The points (g, -5) and (4, -2) fall on a line with a slope of -3/4. What is the value of g?

Steps to Solve

1. Identify the points and slope We have two points: ((g, -5)) and ((4, -2)). The slope (m) is given as (-\frac{3}{4}).

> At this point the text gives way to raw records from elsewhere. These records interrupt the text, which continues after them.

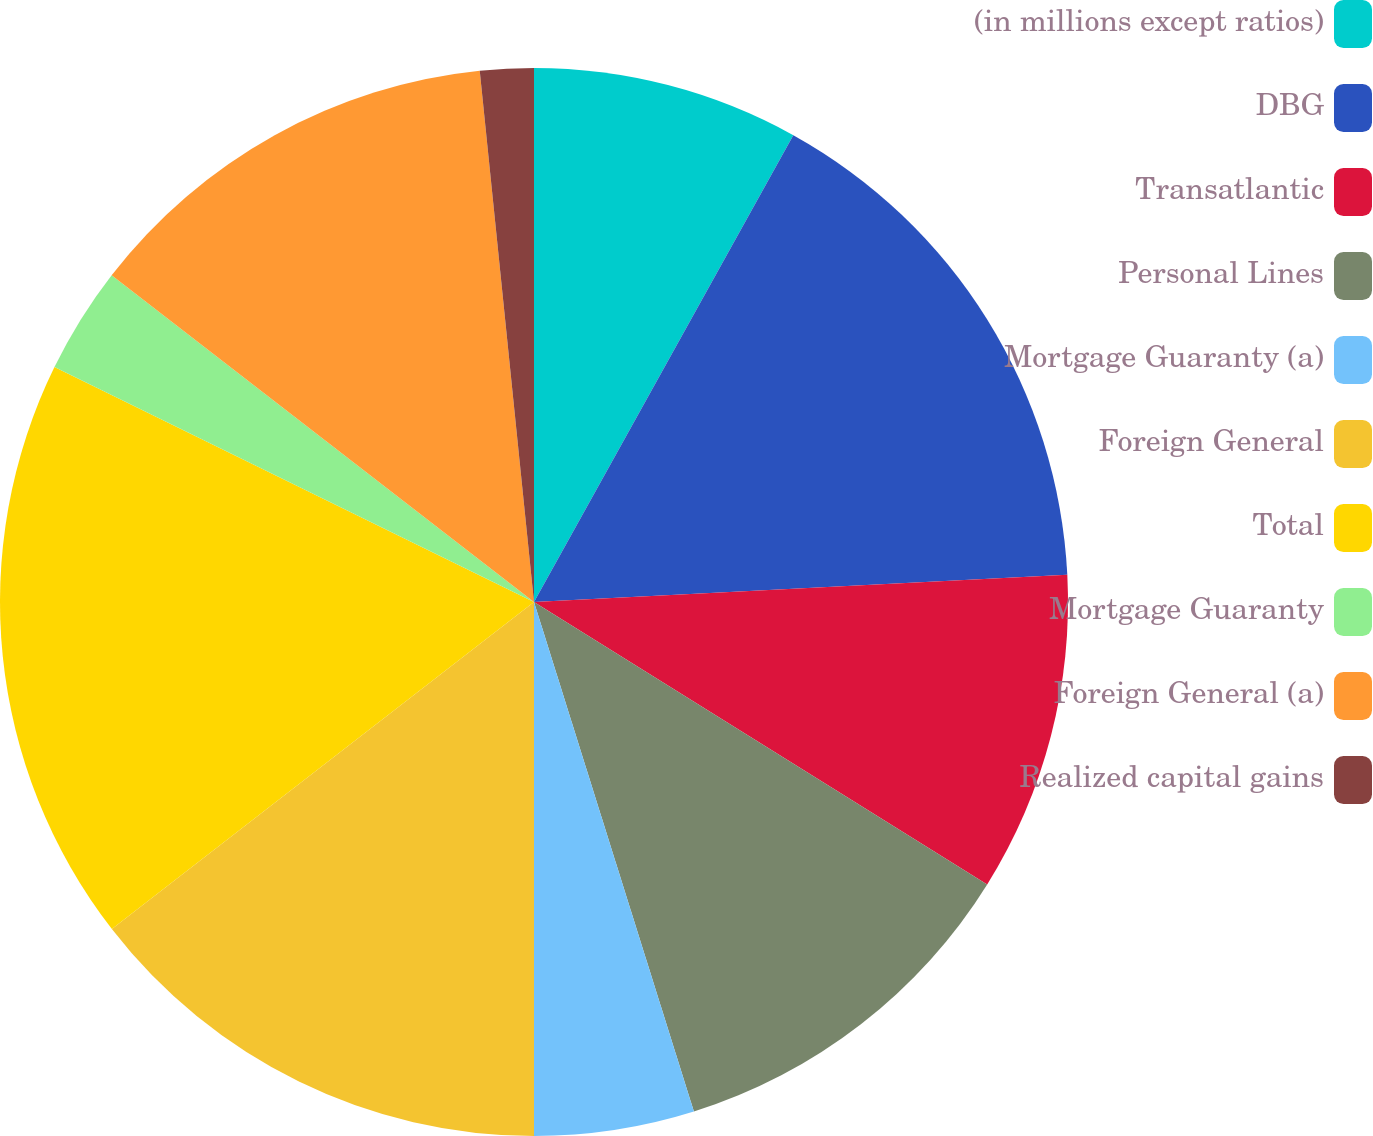<chart> <loc_0><loc_0><loc_500><loc_500><pie_chart><fcel>(in millions except ratios)<fcel>DBG<fcel>Transatlantic<fcel>Personal Lines<fcel>Mortgage Guaranty (a)<fcel>Foreign General<fcel>Total<fcel>Mortgage Guaranty<fcel>Foreign General (a)<fcel>Realized capital gains<nl><fcel>8.07%<fcel>16.12%<fcel>9.68%<fcel>11.29%<fcel>4.84%<fcel>14.51%<fcel>17.74%<fcel>3.23%<fcel>12.9%<fcel>1.62%<nl></chart> 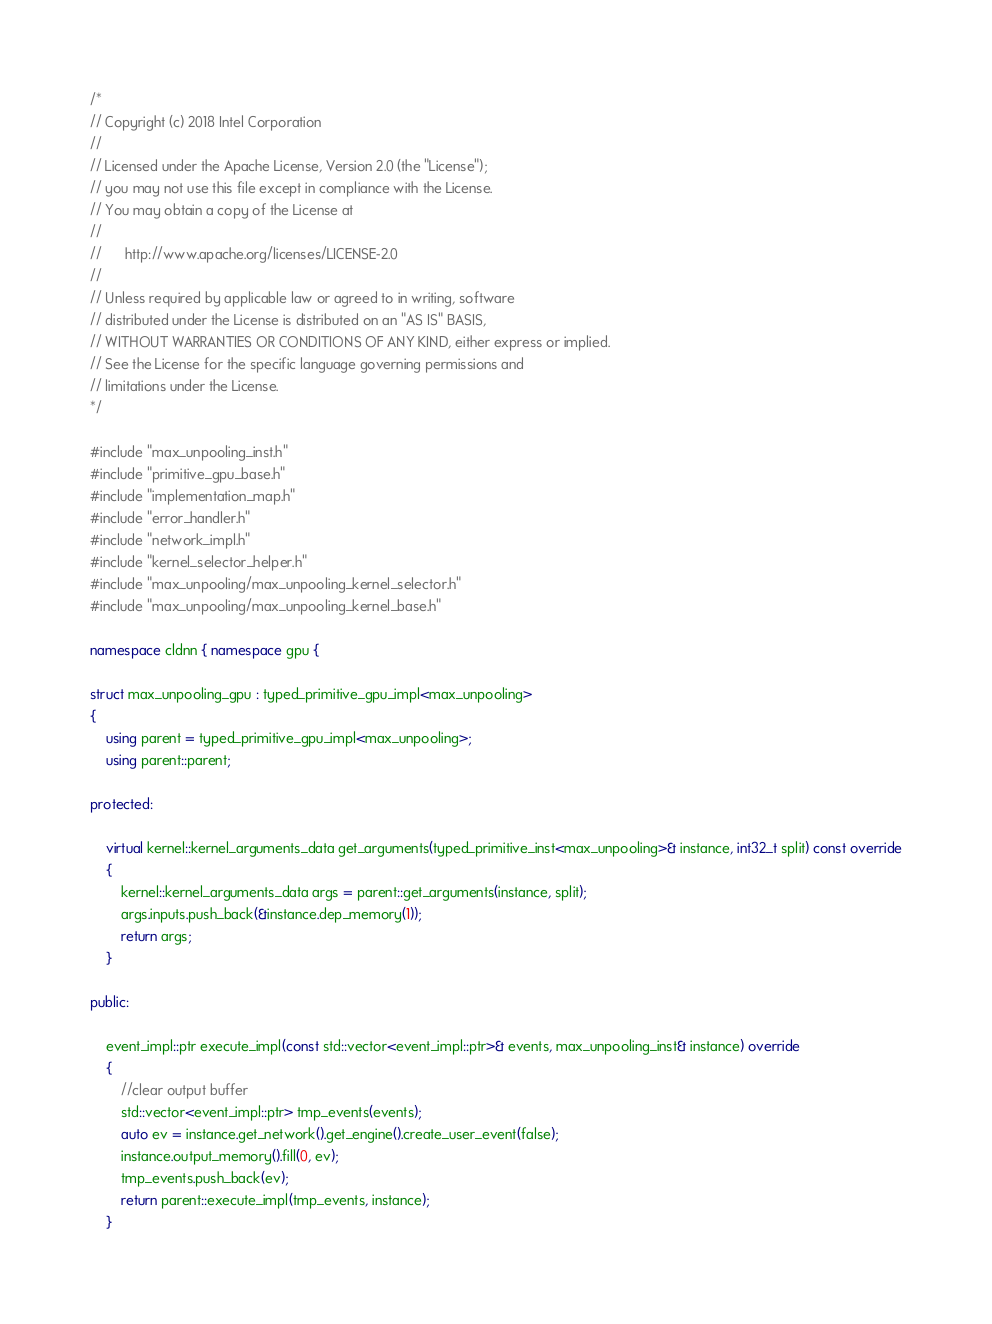<code> <loc_0><loc_0><loc_500><loc_500><_C++_>/*
// Copyright (c) 2018 Intel Corporation
//
// Licensed under the Apache License, Version 2.0 (the "License");
// you may not use this file except in compliance with the License.
// You may obtain a copy of the License at
//
//      http://www.apache.org/licenses/LICENSE-2.0
//
// Unless required by applicable law or agreed to in writing, software
// distributed under the License is distributed on an "AS IS" BASIS,
// WITHOUT WARRANTIES OR CONDITIONS OF ANY KIND, either express or implied.
// See the License for the specific language governing permissions and
// limitations under the License.
*/

#include "max_unpooling_inst.h"
#include "primitive_gpu_base.h"
#include "implementation_map.h"
#include "error_handler.h"
#include "network_impl.h"
#include "kernel_selector_helper.h"
#include "max_unpooling/max_unpooling_kernel_selector.h"
#include "max_unpooling/max_unpooling_kernel_base.h"

namespace cldnn { namespace gpu {

struct max_unpooling_gpu : typed_primitive_gpu_impl<max_unpooling>
{
    using parent = typed_primitive_gpu_impl<max_unpooling>;
    using parent::parent;

protected:

    virtual kernel::kernel_arguments_data get_arguments(typed_primitive_inst<max_unpooling>& instance, int32_t split) const override
    {
        kernel::kernel_arguments_data args = parent::get_arguments(instance, split);
        args.inputs.push_back(&instance.dep_memory(1));
        return args;
    }

public:

    event_impl::ptr execute_impl(const std::vector<event_impl::ptr>& events, max_unpooling_inst& instance) override
    {
        //clear output buffer
        std::vector<event_impl::ptr> tmp_events(events);
        auto ev = instance.get_network().get_engine().create_user_event(false);
        instance.output_memory().fill(0, ev);
        tmp_events.push_back(ev);
        return parent::execute_impl(tmp_events, instance);
    }
</code>

2. Use the slope formula The slope formula is given by:

$$ m = \frac{y_2 - y_1}{x_2 - x_1} $$

Here, let ((x_1, y_1) = (g, -5)) and ((x_2, y_2) = (4, -2)). Substitute the values into the slope formula:

$$ -\frac{3}{4} = \frac{-2 - (-5)}{4 - g} $$

3. Simplify the right side of the equation Calculating the numerator:

$$ -2 - (-5) = -2 + 5 = 3 $$

So the equation now becomes:

$$ -\frac{3}{4} = \frac{3}{4 - g} $$

4. Cross-multiply to solve for (g) Cross-multiplying gives:

$$ -3(4 - g) = 4 \times 3 $$

This simplifies to:

$$ -3(4 - g) = 12 $$

5. Distribute and simplify Distributing the (-3) leads to:

$$ -12 + 3g = 12 $$

6. Solve for (g) Add 12 to both sides:

$$ 3g = 24 $$

Now, divide by 3:

$$ g = 8 $$